Ben Tribbett, a Democratic strategist in Virginia, has watched his party’s vote share in rural areas wither for three decades.
“I don’t know what our message is there,” Mr. Tribbett said. “Which is a problem, because I’m supposed to be creating content for political campaigns.”
The good news is that the Biden era is showing quite clearly that Democrats have finally realized that the best they can do in America's rural counties is triage. White voters in rural areas have been inundated with right-wing disinformation for decades, and fixing the problem will also take decades, decades that the country doesn't have judging by the near-coup by Trump in 2020. You can't sell your policies to people who think you are literally trying to round them up in camps to kill them. The time to get serious about fighting right-wing propaganda and disinformation was a quarter-century ago.
That ship has sailed, folks. All we can do now is to try to stop the hemorrhaging.
Fixing bridges and roads and schools and providing good jobs in the cities and suburbs doesn't matter in the quarter of the country's population that is rural. The hard reality is in states with 75% or more white votes, losing white voters by 2 to 1 means there's no way you can win. Some triage is necessary, but the GOP knows that if they can keep the electorate white and win white voters, it doesn't matter what Black folk like me in a red state want. We literally do not matter politically anymore, and they know it.
If Democrats are going to lose these areas by 50 points, the best they can do is try to only lose them by 40 and accept that. They're not going to listen. We're dealing with people lost to the Years of Trump and Rage, parading around their vaccine refusal, ripping people's masks off and spitting in people's faces to try to infect them, screaming bloody murder at restaurant servers and checkout cashiers, disrupting school board and city council meetings, and running over protesters with their vehicles.
We still need to provide folks out here with better infrastructure. Better roads, schools, bridges, broadband internet access, water, clean air. They're Americans too and we took a big step towards that over the weekend.

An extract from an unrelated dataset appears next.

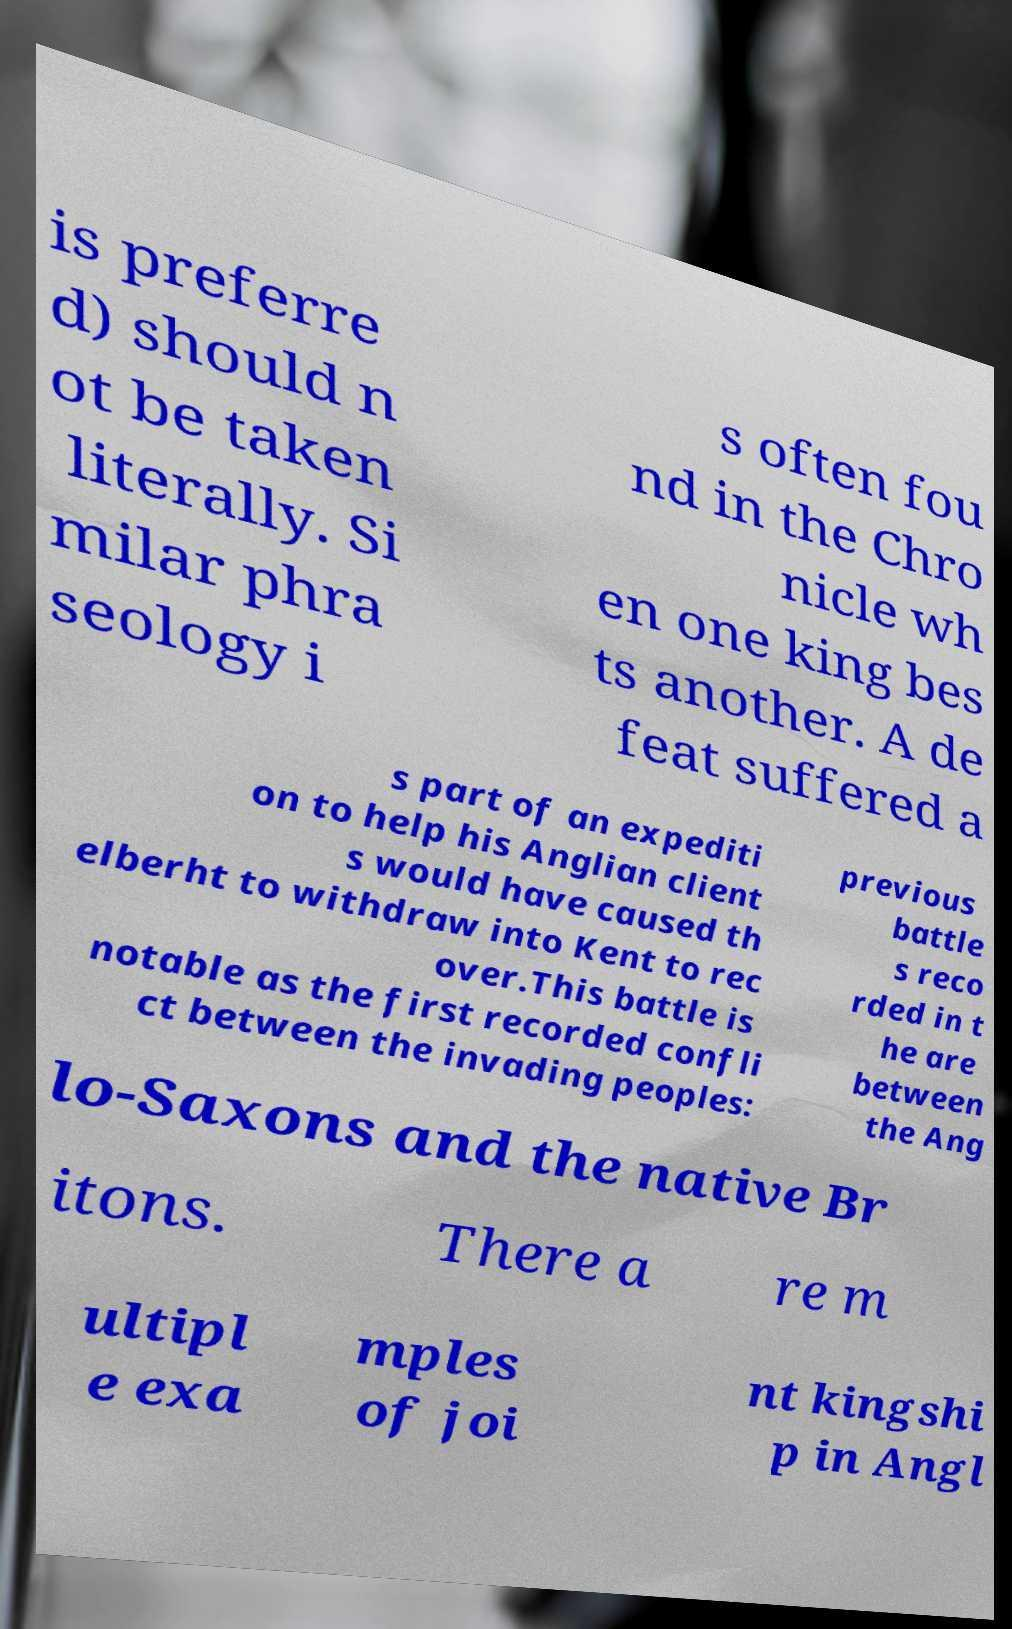Please read and relay the text visible in this image. What does it say? is preferre d) should n ot be taken literally. Si milar phra seology i s often fou nd in the Chro nicle wh en one king bes ts another. A de feat suffered a s part of an expediti on to help his Anglian client s would have caused th elberht to withdraw into Kent to rec over.This battle is notable as the first recorded confli ct between the invading peoples: previous battle s reco rded in t he are between the Ang lo-Saxons and the native Br itons. There a re m ultipl e exa mples of joi nt kingshi p in Angl

But we have to try to save the rest of us too. There are people who will never vote for the Democratic party, and at this point, it's time to try to turn out the people you have some chance with instead of chasing the zero percent rage junkies. We have to because if we don't, the alternative is near-permanent GOP authoritarian rule.
Democrats needs to continue to make policies to help everyone, but don't expect some of them to vote for you. There's nothing you can do at this point other than turning out people who will listen and to give them a reason to show up.
And those folks don't live in places like Bath County, Virginia.
Finally, the real lesson here is that Trumpism without Trump is now far more dangerous in 2021 than Trumpism with Trump in 2020. Dems need to counter with actions, with turnout, and with going after the right-wing noise machine that made all this possible.
Or it will be too late for us in only a few short years.